If you do not want to use tox
and pre-commit
, you can run these lints command manually. First we should install
dependencies for lints
python -m pip install '.[style]'
# We recommend you run isort and Black before Flake8, because Black could auto fix some code style issue
# but Flake8 just hint when code style not match pep8
# Run Isort
python -m isort .
# Run Black
python -m black .
# Run Flake8
python -m flake8
We use sphinx to build docs. Dolphinscheduler Python API CI would automatically build docs when you submit pull request in GitHub. You may locally ensure docs could be built successfully in case the failure blocks CI, you can build by tox or manual.
We integrated document build process into tox, you can build the latest document and all document(including history documents) via single command
# Build the latest document in dev branch
tox -e doc-build
# Build all documents, which including the latest and all history documents
tox -e doc-build-multi
You can also build docs manually instead of using tox, in this case you should install dependencies first
python -m pip install '.[doc]'
Then go to document directory and execute the build command
cd pydolphinscheduler/docs/
make clean && make html
or if you want to build history documents, you should execute the command below
# Fetch all history tags because we use tag to build history documents via [sphinx-multiversion](https://holzhaus.github.io/sphinx-multiversion/master/index.html)
git fetch --tags
cd pydolphinscheduler/docs/
make clean && make multiversion
pydolphinscheduler using pytest to test our codebase. GitHub Action will run our test when you create
pull request or commit to dev branch, with python version 3.6|3.7|3.8|3.9|3.10|3.11|3.12
and operating system linux|macOS|windows
.
We integrated unit test into tox, you can run all unit tests and check the code coverage via single command
# Run unit test base on current python version
tox -e code-test
Besides run tests, it will also check the unit test coverage threshold, for now when test cover less than 90% will fail the coverage, as well as our GitHub Action.
pydolphinscheduler using pytest to run all tests in directory tests
. You could run tests by the commands
python -m pytest --cov=pydolphinscheduler --cov-config=.coveragerc tests/
The command above will check test coverage automatically, and you could also test the coverage by command.
python -m coverage run && python -m coverage report
It would not only run unit test but also show each file coverage which cover rate less than 100%, and TOTAL
line show you total coverage of you code.

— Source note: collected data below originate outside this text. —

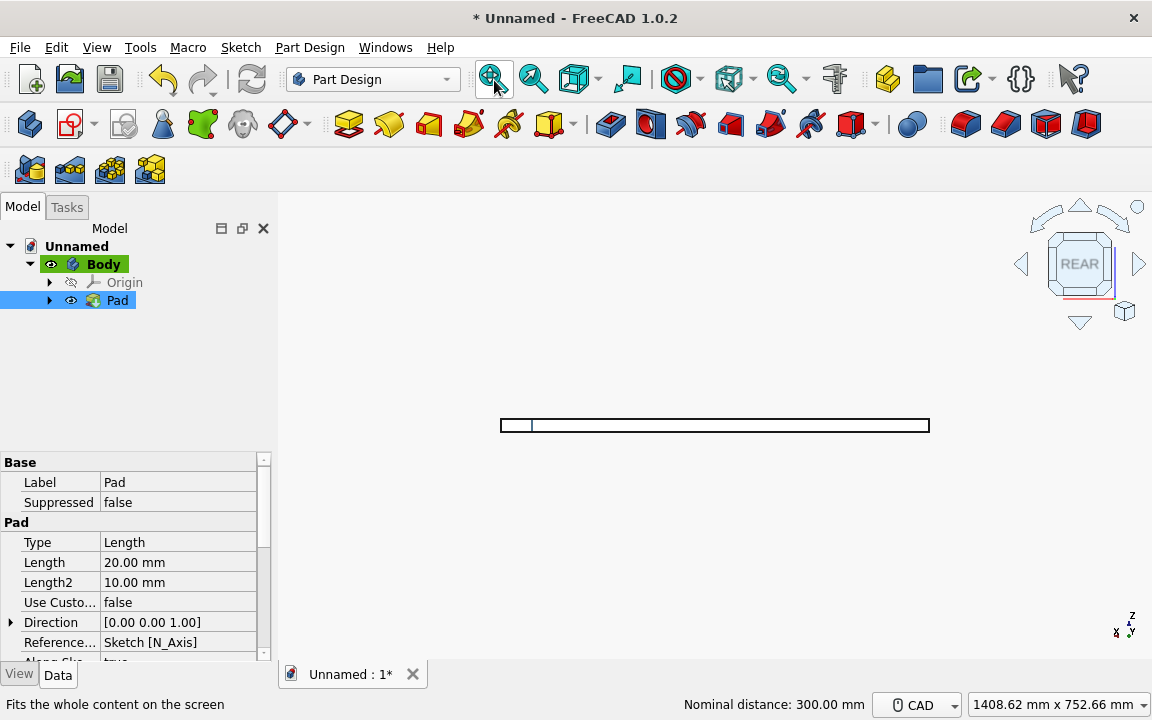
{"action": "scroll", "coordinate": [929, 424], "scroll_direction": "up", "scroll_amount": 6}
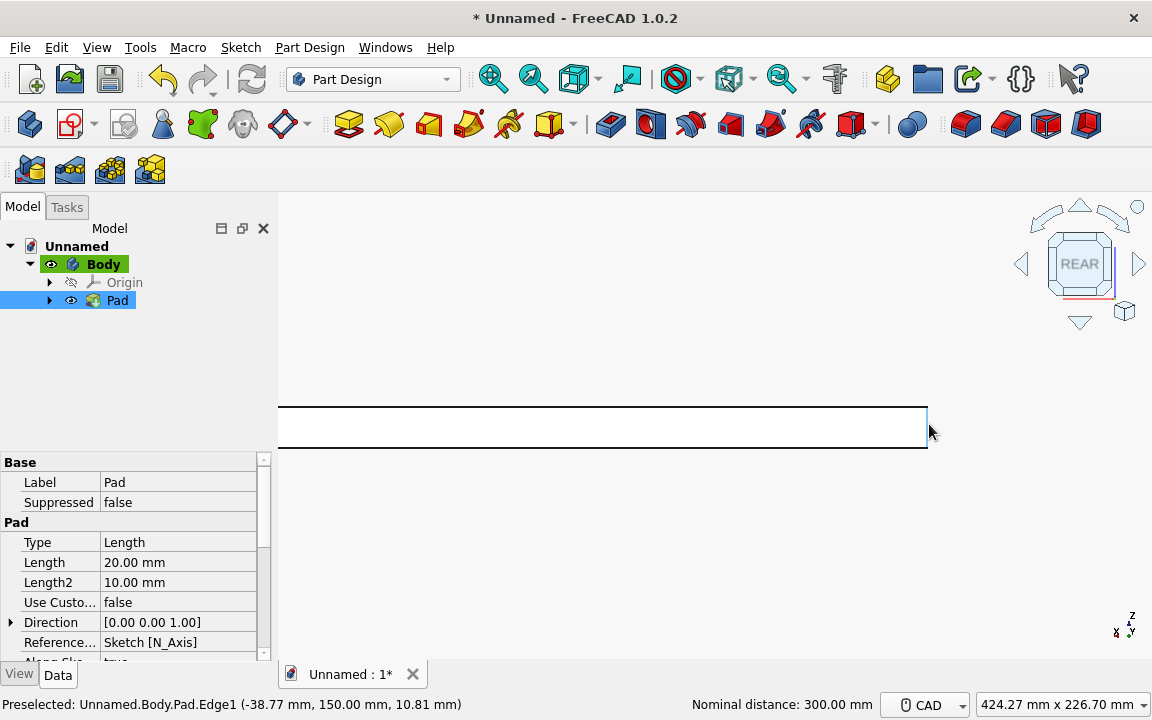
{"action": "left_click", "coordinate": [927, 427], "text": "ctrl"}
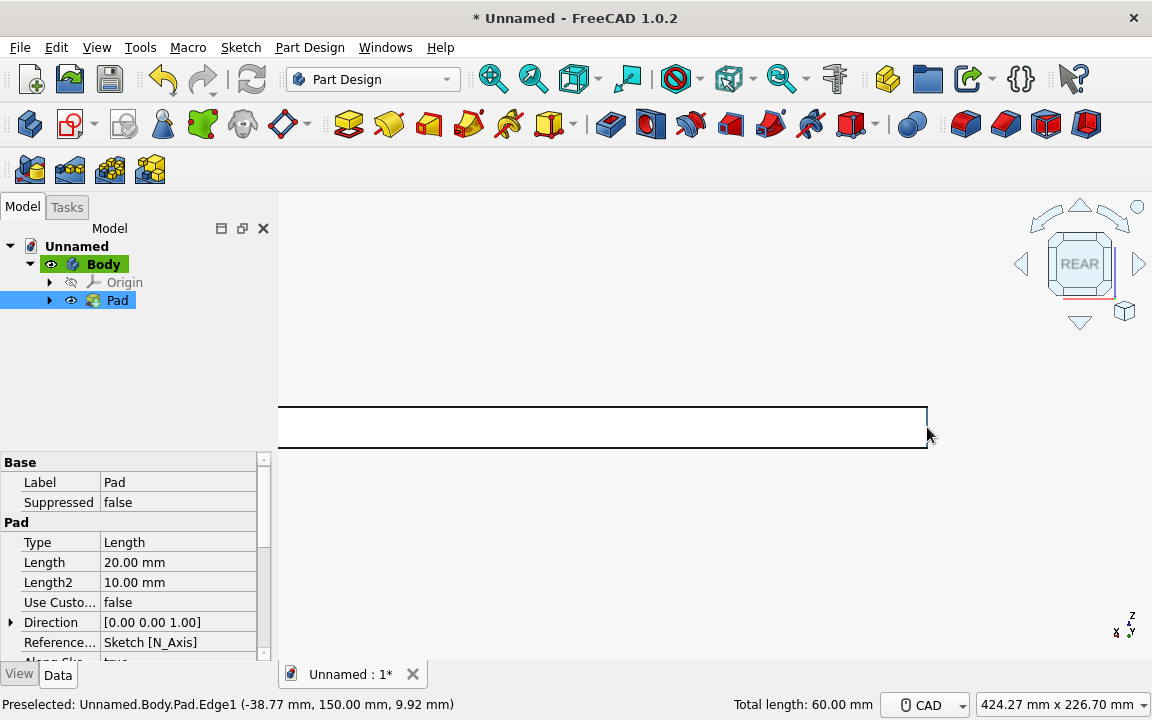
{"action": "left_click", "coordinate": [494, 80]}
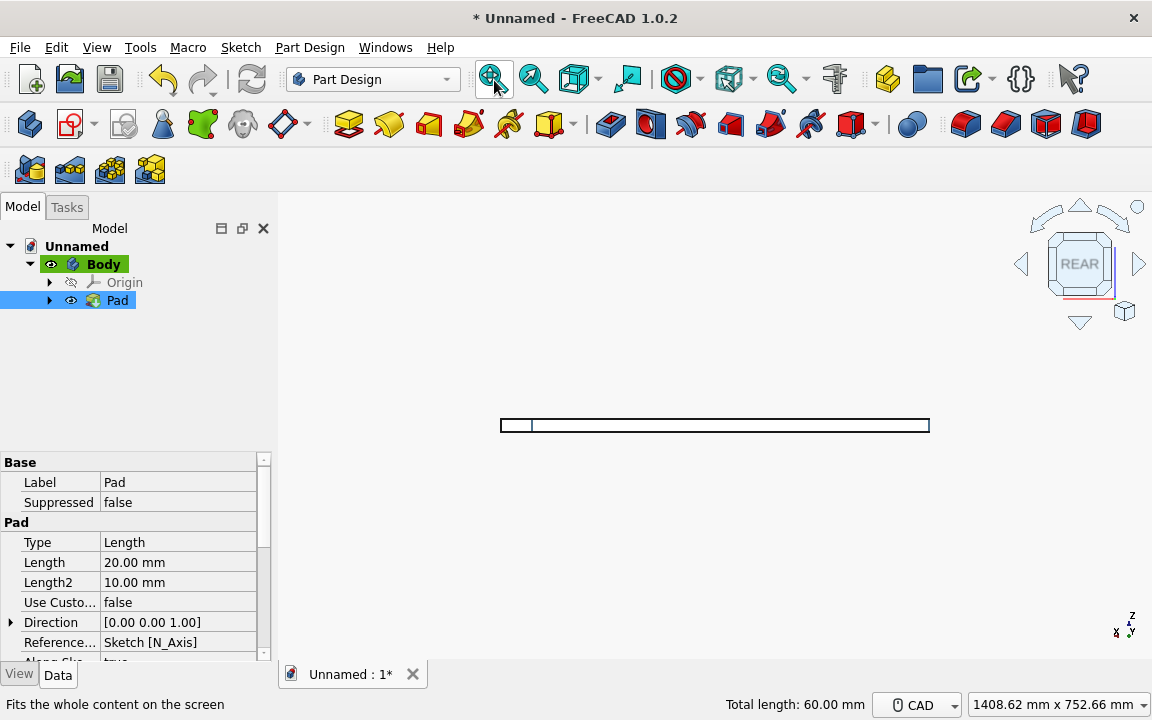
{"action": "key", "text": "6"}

If your CI failed with coverage you could go and find some reason by
this command output.
Integrate Test can not run when you execute command tox -e local-ci
because it needs external environment
including Docker and specific image build by maven.
Here we would show you the step to run integrate test in directory tests/integration
. There are two ways to run integrate tests.
# Clone apache/dolphinscheduler repository
cd <SOMEWHERE-PUT-CODE>
git clone [email protected]:apache/dolphinscheduler.git
# Build apache/dolphinscheduler-standalone-server docker image
./mvnw -B clean install \
-Dmaven.test.skip \
-Dmaven.javadoc.skip \
-Dmaven.checkstyle.skip \
-Pdocker,release -Ddocker.tag=ci \
-pl dolphinscheduler-standalone-server -am
# Go to dolphinscheduler-sdk/python root directory and run integrate tests via tox
cd dolphinscheduler-sdk/python
tox -e integrate-test
# Clone apache/dolphinscheduler repository
cd <SOMEWHERE-PUT-CODE>
git clone [email protected]:apache/dolphinscheduler.git
# Run apache/dolphinscheduler's Standalone Server in IntelliJ IDEA according to
# https://dolphinscheduler.apache.org/en-us/docs/dev/user_doc/contribute/development-environment-setup.html
# Go to dolphinscheduler-sdk/python root directory and run integrate tests via tox
tox -e local-integrate-test
NOTE: You can also run integrate test via command
python -m pytest tests/integration/
or run them in Pycharm, after you start Standalone Server above.
When you add a new package in pydolphinscheduler, you should also add the package's LICENSE to directory
licenses
, and also add a short description to LICENSE
file.
When you change public class, method or interface, you should change the UPDATING.md to notice users who may use it in other way.